MAX(t2.load_insert_date)

FROM

raw_cbd.ecbd_timezone_t t2

WHERE

DATE(t2.load_insert_date) = deltaLoadDate) ) AS st

ON

tt.tz_tk = CAST(st.tz_tk AS NUMERIC)

WHEN MATCHED THEN UPDATE SET

tt.tz_tk = CAST(st.tz_tk AS NUMERIC),

tt.tzt_type = st.tzt_type,

tt.tz_code = st.tz_code,

tt.valid_from = CAST(st.valid_from AS TIMESTAMP),

tt.valid_to = CAST(st.valid_to AS TIMESTAMP),

tt.delete_date = CAST(st.delete_date AS TIMESTAMP),

tt.src_name_ins = st.src_name_ins,

tt.ii_date = CAST(st.ii_date AS TIMESTAMP),

tt.iu_date = CAST(st.iu_date AS TIMESTAMP),

tt.iip_insert_date = CAST(st.iip_insert_date AS TIMESTAMP),

tt.iip_update_date = CAST(st.iip_update_date AS TIMESTAMP),

tt.load_insert_date = CAST(st.load_insert_date AS TIMESTAMP),

tt.ecbd_update_date = deltaLoadTimestamp

WHEN NOT MATCHED

THEN

INSERT

( tz_tk,

tzt_type,

tz_code,

valid_from,

valid_to,

delete_date,

src_name_ins,

ii_date,

iu_date,

iip_insert_date,

iip_update_date,

load_insert_date,

ecbd_insert_date,

ecbd_update_date)

VALUES(

CAST(st.tz_tk AS NUMERIC),

st.tzt_type,

st.tz_code,

CAST(st.valid_from AS TIMESTAMP),

CAST(st.valid_to AS TIMESTAMP),

CAST(st.delete_date AS TIMESTAMP),

st.src_name_ins,

CAST(st.ii_date AS TIMESTAMP),

CAST(st.iu_date AS TIMESTAMP),

CAST(st.iip_insert_date AS TIMESTAMP),

CAST(st.iip_update_date AS TIMESTAMP),

CAST(st.load_insert_date AS TIMESTAMP),

deltaLoadTimestamp,

deltaLoadTimestamp);

yan-hic

To start with, instead of ingesting (loading), what about creating a one-time external table to each set of csv's stored in GCS ?

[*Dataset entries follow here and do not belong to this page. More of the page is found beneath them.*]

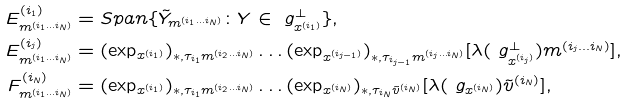<formula> <loc_0><loc_0><loc_500><loc_500>E ^ { ( i _ { 1 } ) } _ { m ^ { ( i _ { 1 } \dots i _ { N } ) } } & = S p a n \{ \tilde { Y } _ { m ^ { ( i _ { 1 } \dots i _ { N } ) } } \colon Y \in \ g _ { x ^ { ( i _ { 1 } ) } } ^ { \perp } \} , \\ E ^ { ( i _ { j } ) } _ { m ^ { ( i _ { 1 } \dots i _ { N } ) } } & = ( \exp _ { x ^ { ( i _ { 1 } ) } } ) _ { \ast , \tau _ { i _ { 1 } } m ^ { ( i _ { 2 } \dots i _ { N } ) } } \dots ( \exp _ { x ^ { ( i _ { j - 1 } ) } } ) _ { \ast , \tau _ { i _ { j - 1 } } m ^ { ( i _ { j } \dots i _ { N } ) } } [ \lambda ( \ g _ { x ^ { ( i _ { j } ) } } ^ { \perp } ) m ^ { ( i _ { j } \dots i _ { N } ) } ] , \\ F ^ { ( i _ { N } ) } _ { m ^ { ( i _ { 1 } \dots i _ { N } ) } } & = ( \exp _ { x ^ { ( i _ { 1 } ) } } ) _ { \ast , \tau _ { i _ { 1 } } m ^ { ( i _ { 2 } \dots i _ { N } ) } } \dots ( \exp _ { x ^ { ( i _ { N } ) } } ) _ { \ast , \tau _ { i _ { N } } \tilde { v } ^ { ( i _ { N } ) } } [ \lambda ( \ g _ { x ^ { ( i _ { N } ) } } ) \tilde { v } ^ { ( i _ { N } ) } ] ,</formula> 
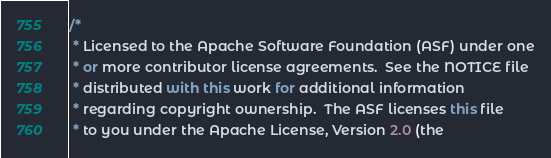<code> <loc_0><loc_0><loc_500><loc_500><_C#_>/*
 * Licensed to the Apache Software Foundation (ASF) under one
 * or more contributor license agreements.  See the NOTICE file
 * distributed with this work for additional information
 * regarding copyright ownership.  The ASF licenses this file
 * to you under the Apache License, Version 2.0 (the</code>

You can then tell the source of each record using the pseudo column _FILE_NAME, no real need for hive partitioning.

You can then build your queries and filter from there.

It has the benefit of not requiring any preprocessing (hence no need for dataform workflow just for that) + you can leverage materialized views if need be that refreshes when a new csv is added in GCS.

valentiniacov

Hello,
I really need the above described flow.

valentiniacov

Hello Community,
I have found the solution for the above question.

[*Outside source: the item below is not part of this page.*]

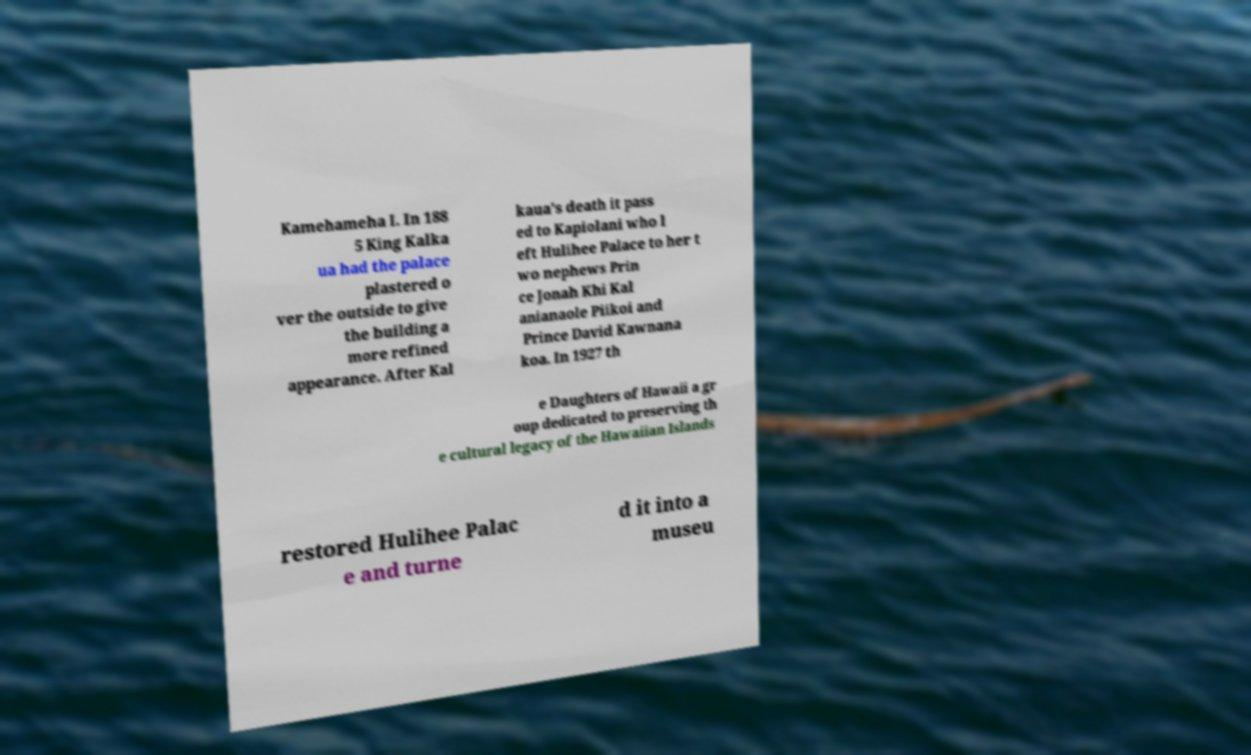Could you extract and type out the text from this image? Kamehameha I. In 188 5 King Kalka ua had the palace plastered o ver the outside to give the building a more refined appearance. After Kal kaua's death it pass ed to Kapiolani who l eft Hulihee Palace to her t wo nephews Prin ce Jonah Khi Kal anianaole Piikoi and Prince David Kawnana koa. In 1927 th e Daughters of Hawaii a gr oup dedicated to preserving th e cultural legacy of the Hawaiian Islands restored Hulihee Palac e and turne d it into a museu

Create a "manual assertion".

config {

type: "assertion",

name: "ingestion_validator"

}

SELECT

*

FROM

playground.csv_ingestion_validator

WHERE

file_ingestion_status is FALSE

AND validation_date = CURRENT_DATE

Add the manual assertion as dependency in the workflow that you want

its execution to be blocked in case the assertion fails.

config {

type: "operations",

dependencies: ["ingestion_validator"],

tags: ["iv"]

}

The result is that the workflow will not be executed due to the assertion failure.

How to prevent a Dataform workflow in case a pre defined condition is not met.